5 Ways To Avoid Podcasting Burnout



Burnout: it happens to the best podcasters. But feeling exhausted, uninspired, or just plain “meh” about publishing doesn’t have to kill your podcast. Try these ideas to help you stay energized and enthused while putting out great content and

1) Take A Break (But Do It Right)

Most seasoned podcasters agree that consistent publishing is the key to success, traffic growth, and audience retention. But after a year or two of putting out new episodes on a dependable schedule, your audience should be well-established enough to allow you the occasional break. But how to do it without confusing or disappointing your loyal listeners?

  • Alert your listeners. While skipping an episode or two isn’t the end of the world and can offer you much-needed rest and time to recharge your creative juices, it’s important not to leave your listeners wondering what happened to you. “If you’re taking a break, I suggest announcing it in the last episode before your missed episode,” says Angelo Mandato, CIO of Blubrry. “Then, on your missed show date, release a short episode that just says you’ll be back on the date you’ll return. The key is communicating with your audience, and a two-minute episode that does that is better than leaving them hanging.”
  • Try something new. For example, over the Christmas holiday, Sarah Powers and Meagan Francis of The Mom Hour recorded short, daily episodes of each host reading holiday-themed essays they’d written for their blogs in the past. Since one or the other of them was reading each essay (not both at the same time) the shows were much easier to schedule and produce. “Each of us could just sit down and record quickly when we had a few minutes, rather than having to try to match up our hectic holiday schedules,” says Francis. “As a result we were actually able to publish more often over the holiday, while maximizing relaxation and time with our families. The mini-episodes also fit well with the needs of our audience of busy moms over their kids’ Christmas breaks. Plus, it was unique, and showed a different side of each of us. Our audience loved it and the episodes have done very well.”
  • Find other ways to stay in touch. Even if you aren’t publishing full-length episodes, you can stay in front of your audience via social media, blog posts, short live videos or email blasts. Choose a platform you enjoy and one you’ll be able to update without too much effort. Then, when you announce your break, tell your listeners that you’ll still be somewhat active on that platform, and remind them to check in regularly. The side benefit of this approach is that you may significantly grow your social media follows due to faithful listeners who will be eager to hear from you while you’re on a break from podcasting.

2. Go All In.

Doing too many things at once can lead to major burnout, especially if the results are only so-so. After all, what’s more energizing: putting out a so-so episode, or a great episode that’s genuinely useful and generates a ton of feedback? If you’re having a hard time keeping up with everything well enough to regularly put out quality content, it would be better to focus on one podcast at a time or publish weekly instead of several times a week. Remember that you can always increase the number of shows you produce or how often you publish later when you’re in a good rhythm and consistently feeling great about what you’re producing.

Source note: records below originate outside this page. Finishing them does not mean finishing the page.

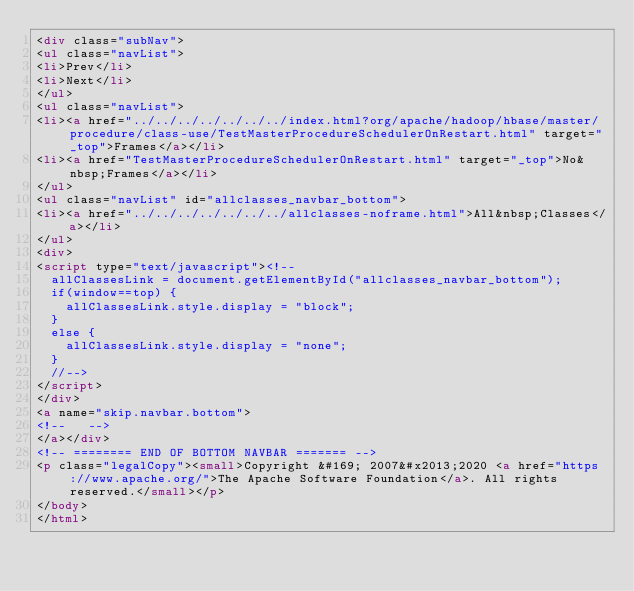<code> <loc_0><loc_0><loc_500><loc_500><_HTML_><div class="subNav">
<ul class="navList">
<li>Prev</li>
<li>Next</li>
</ul>
<ul class="navList">
<li><a href="../../../../../../../index.html?org/apache/hadoop/hbase/master/procedure/class-use/TestMasterProcedureSchedulerOnRestart.html" target="_top">Frames</a></li>
<li><a href="TestMasterProcedureSchedulerOnRestart.html" target="_top">No&nbsp;Frames</a></li>
</ul>
<ul class="navList" id="allclasses_navbar_bottom">
<li><a href="../../../../../../../allclasses-noframe.html">All&nbsp;Classes</a></li>
</ul>
<div>
<script type="text/javascript"><!--
  allClassesLink = document.getElementById("allclasses_navbar_bottom");
  if(window==top) {
    allClassesLink.style.display = "block";
  }
  else {
    allClassesLink.style.display = "none";
  }
  //-->
</script>
</div>
<a name="skip.navbar.bottom">
<!--   -->
</a></div>
<!-- ======== END OF BOTTOM NAVBAR ======= -->
<p class="legalCopy"><small>Copyright &#169; 2007&#x2013;2020 <a href="https://www.apache.org/">The Apache Software Foundation</a>. All rights reserved.</small></p>
</body>
</html>
</code>

3. Invest Time In What You Love

Podcasting isn’t just about sitting down at a microphone and recording. From writing show notes to interacting with your audience to managing technical details, many aspects go into producing a successful podcast – and chances are, one or two of them stand out as particularly enjoyable for you. So if sound quality is important to you, feel free to nerd out over recording techniques and make your audio the best out there. If planning show content is your forte, put as much effort as you can into developing your ideas and format. If you love researching and writing, create the most killer show notes in the podcasting world. Or if you get a boost every time you hear from a listener, nurture those relationships by putting time into engaging via email or social media.

Unless you’re superhuman or have a whole team producing every episode, you probably can’t do a top-notch job at every podcast-related task, but doing just one or two things really well is a great way to make your show stand out while also giving you personal satisfaction.

4. Change Things Up

Boredom can also cause burnout, and in those cases you might find that trying something new is more helpful than taking a break. Changing up your show’s format and experimenting with new kinds of content can help get your show out of a rut. For example, if your show is usually you and a co-host, maybe you could try adding solo episodes or interview-based shows to the mix. You could also play with length, introduce new segments, or change up the order that you generally tackle. You don’t want to completely change your show overnight, but slowly adding in new elements or tackling topics you might not usually address will give your audience the sense that your podcast is vibrant and exciting – without confusing them or turning them off.

5. Get Help

If you’re consistently burned out, it might just be that you’re doing too much. At some point, it might be time to focus on what you do well and enjoy, and hire people to help you with the rest. No budget? Consider a barter! For example, if you’re a content genius while a podcasting buddy is a production whiz, find ways to team up so you can each do what you do best. You’ll each have a better-produced show and less reason for burnout: talk about a win-win.

Podcasters, what are your best tips for avoiding or dealing with podcasting burnout?